Kerensky hedged, as if balancing between desires to continue teasing Tara and to shift over to more serious matters. Serious won. “They were,” she admitted. “Though Paladin McKinnon could not seem to make up his mind whom he’d rather be stuck with.” Her face darkened. “And I hear that the Stormhammers had a hard time escaping Glengarry.”

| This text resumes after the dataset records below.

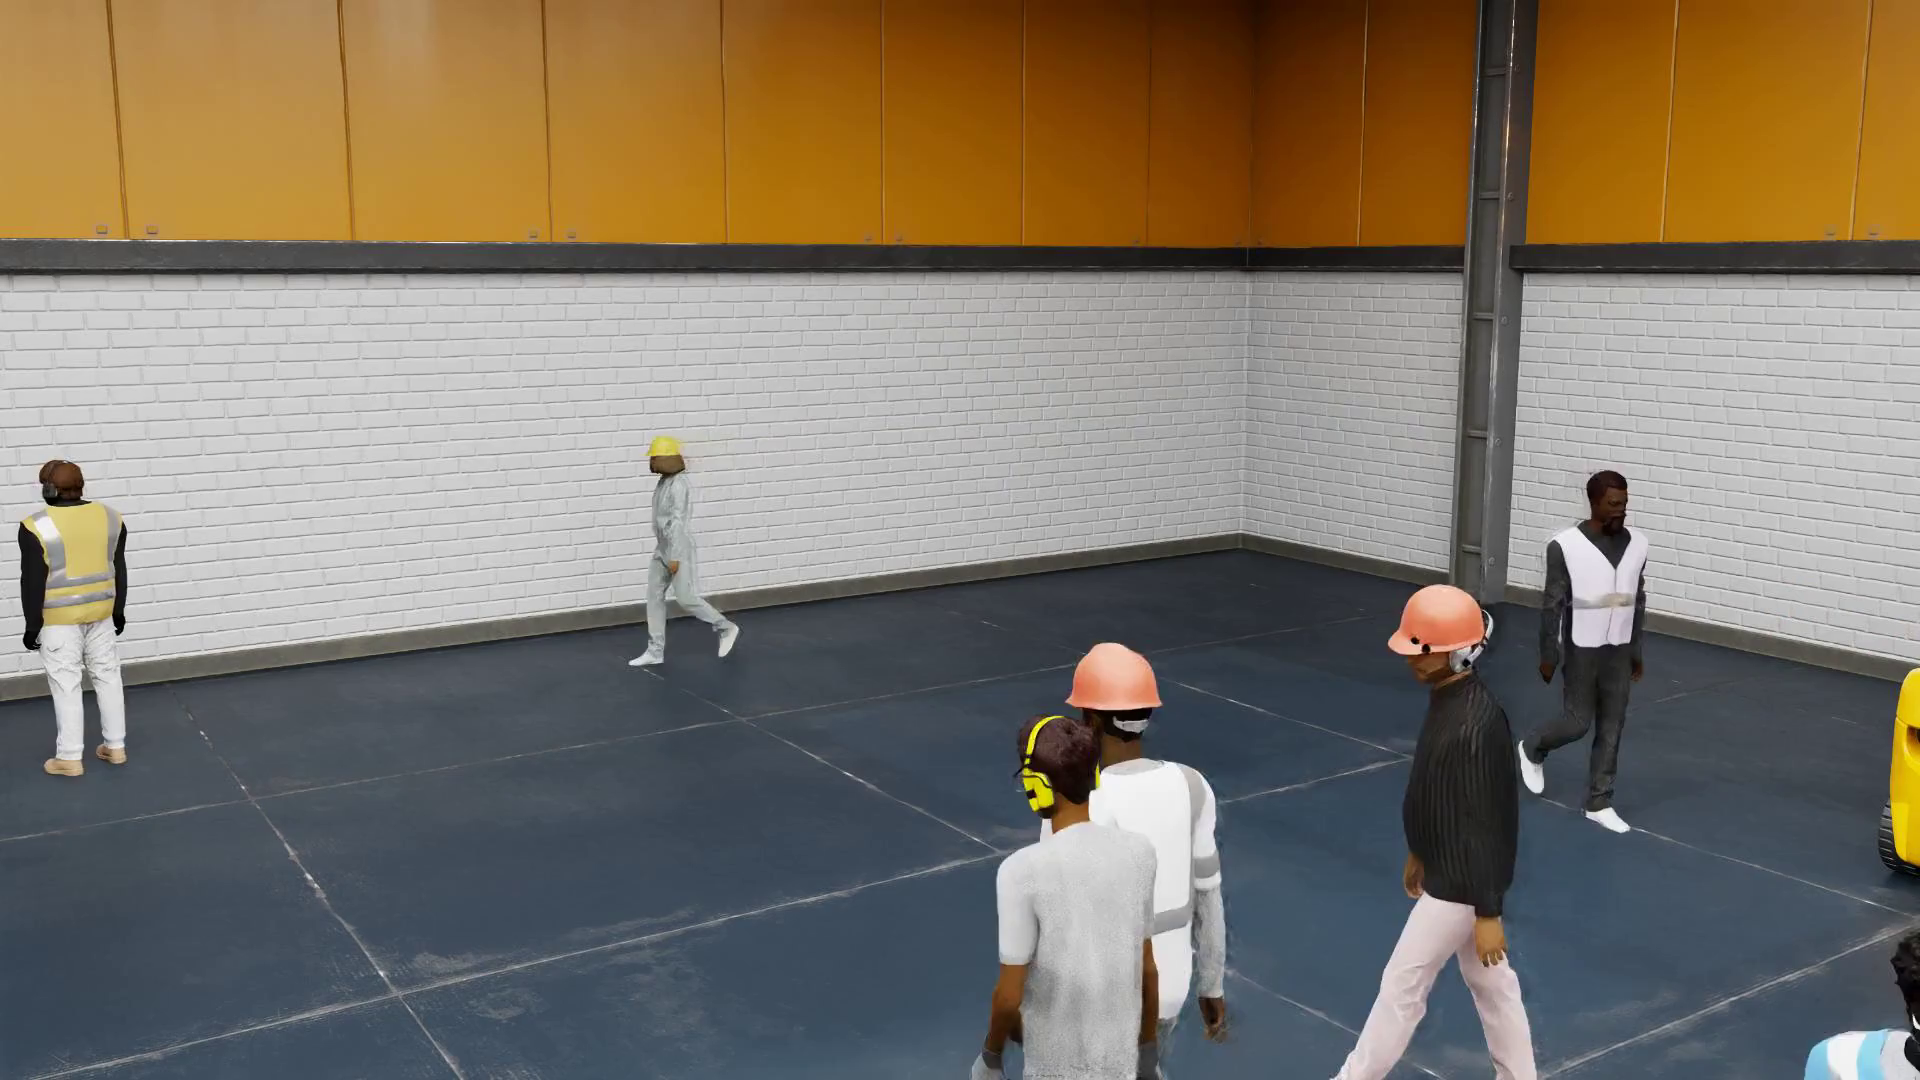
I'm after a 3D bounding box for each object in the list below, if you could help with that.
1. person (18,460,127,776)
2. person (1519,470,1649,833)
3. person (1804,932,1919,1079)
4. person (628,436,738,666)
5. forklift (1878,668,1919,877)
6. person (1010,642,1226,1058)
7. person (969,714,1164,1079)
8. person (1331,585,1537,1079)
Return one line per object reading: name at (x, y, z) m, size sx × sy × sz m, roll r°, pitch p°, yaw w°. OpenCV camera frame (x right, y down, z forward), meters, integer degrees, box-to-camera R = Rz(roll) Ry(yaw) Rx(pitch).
person at (-5.176, 0.447, 9.715) m, size 0.429 × 1.841 × 0.636 m, roll 5°, pitch 11°, yaw 30°
person at (3.346, 0.558, 8.874) m, size 0.595 × 1.902 × 0.668 m, roll -3°, pitch 10°, yaw -18°
person at (1.992, 1.583, 3.443) m, size 0.538 × 1.634 × 0.849 m, roll 9°, pitch 13°, yaw 44°
person at (-2.064, 0.073, 12.331) m, size 0.758 × 1.719 × 0.487 m, roll -6°, pitch 11°, yaw -31°
forklift at (5.511, 0.571, 7.906) m, size 2.313 × 2.155 × 1.214 m, roll -6°, pitch 11°, yaw -33°
person at (0.445, 1.245, 4.698) m, size 0.577 × 1.913 × 0.550 m, roll -7°, pitch 12°, yaw -36°
person at (0.332, 1.371, 4.229) m, size 0.501 × 1.843 × 0.603 m, roll -6°, pitch 11°, yaw -32°
person at (1.502, 1.095, 5.496) m, size 1.016 × 1.937 × 0.657 m, roll 2°, pitch 10°, yaw 12°

News of the nuclear weapon had flashed across Skye with dramatic speed after the return of the Glengarry raiders. Not surprising that the Steel Wolves already had it. “It was a tactical nuke. Caught the Freedom’s Fist on descent. With the Friedensstifter taking off, fully loaded, we think there was a mistake in targeting. It could have been much, much worse.”
Not that it wasn’t bad enough. As it was, Tara would be responsible for informing Jasek of the loss of a Union–class vessel, fourteen crewmen, and a dozen embarked technicians. If the leader of the Stormhammers ever returned from Chaffee.
“Where is Jasek, anyway?” she asked, forcing the conversation over to practical matters.
Kerensky pursed her lips. “He sent us ahead almost as soon as he accepted the Jade Falcons’ formal surrender. We had to repair and refit en route. By the time we jumped from Chaffee, he was repairing what units he could from the salvage and stores left behind by the garrison, and after our share.” She shrugged. “Quite honestly, I expected him only a few days behind us. He must have been caught up with something.”
“And Star Colonel Helmer? What of him?”
Now it was Kerensky’s turn to frown. No doubt she thought that her report, transmitted ahead of her arrival, had covered that. “Helmer jumped out of the Chaffee system three hours ahead of us. I would assume to return to Glengarry.”
Tara let Kerensky stew in her assumption a moment. It was a petty revenge, perhaps, for her earlier goading about Jasek, but it would also serve to put the other woman on the defensive, turning her strategic thinking toward the larger problems at hand.